An Adaptive Approach to Improve the Accuracy of Packet Pre-Filtering

摘要

The current day networks are under deliberate, continuous and premeditated attacks such as Hacker attacks, DoS attacks, IP Address Spoofing, Phishing, Sniffer attacks etc. The Network Intrusion Detection Systems (NIDS) proved to be reliable in parrying most of the issues and challenges faced by the corporate network security systems. But, the NID systems fall short in providing a completely fool -proof network security environment. False negatives and false positives proved to be considerable bottle necks in securing the networks from the attacks.
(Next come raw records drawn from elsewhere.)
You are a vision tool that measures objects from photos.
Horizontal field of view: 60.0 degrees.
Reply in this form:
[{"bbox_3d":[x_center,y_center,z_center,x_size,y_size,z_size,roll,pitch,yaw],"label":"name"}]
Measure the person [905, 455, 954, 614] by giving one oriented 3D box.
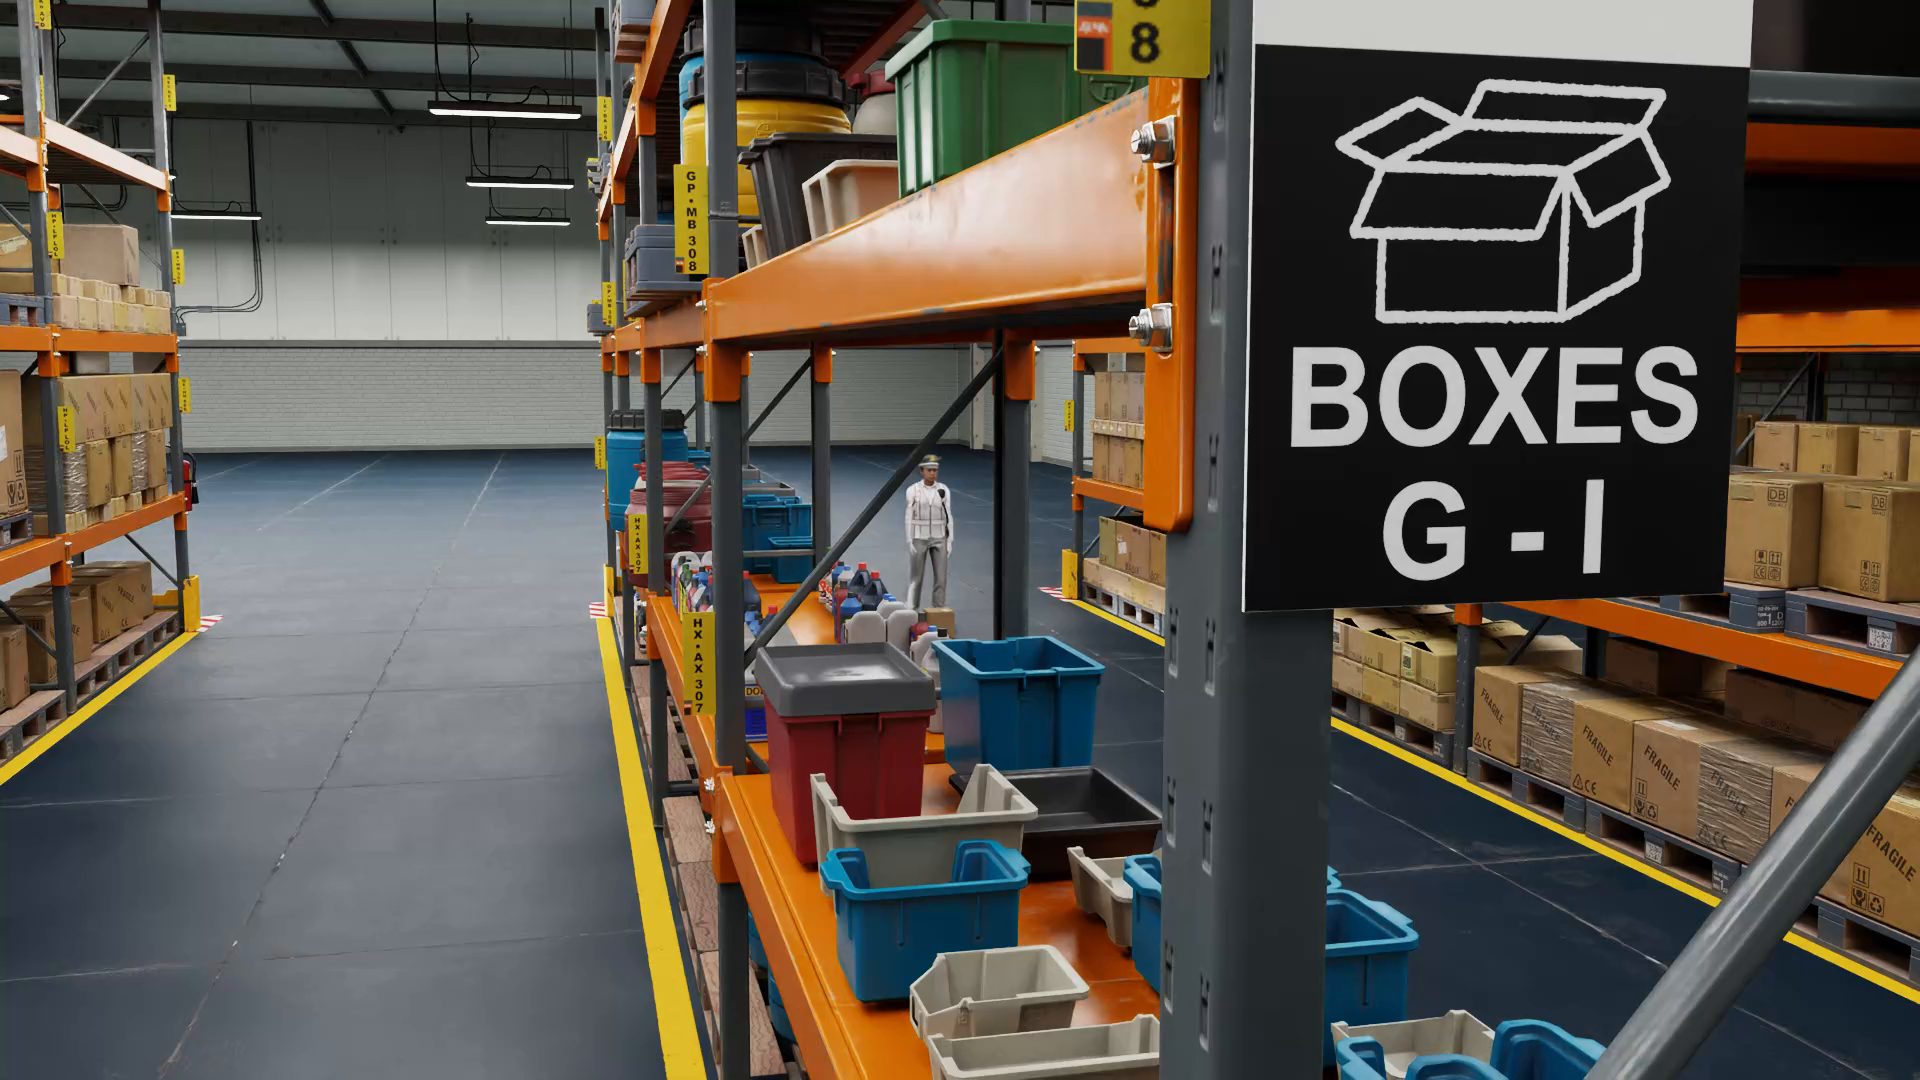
[{"bbox_3d":[-0.290,0.028,15.949,0.465,1.701,0.343,-1,6,-12],"label":"person"}]

This paper deals with the introduction of a software approach for the packet pre-filtering to ease security threats and the introduction of Network Behavior Analysis to enhance the security of the network. The Network Behavior Analysis helps the system to ease the burdens to the network and security of the network by the false positives. The NIDS compares all the incoming packets with the predefined rules or signatures to find suspicious patterns. The pre-filtering approach used in this paper is a result of the observation that very rarely an incoming packet matches the signatures or the IDS rules. During the pre-filtering step, a small portion of the packet is compared against the predefined signatures for any suspicious patterns and the initial pre-filtering match is considered for a full match. For time efficiency, this strategy is compared to more optimistic schemes that allow reassignment of flows between threads, and evaluated using several network packet traces.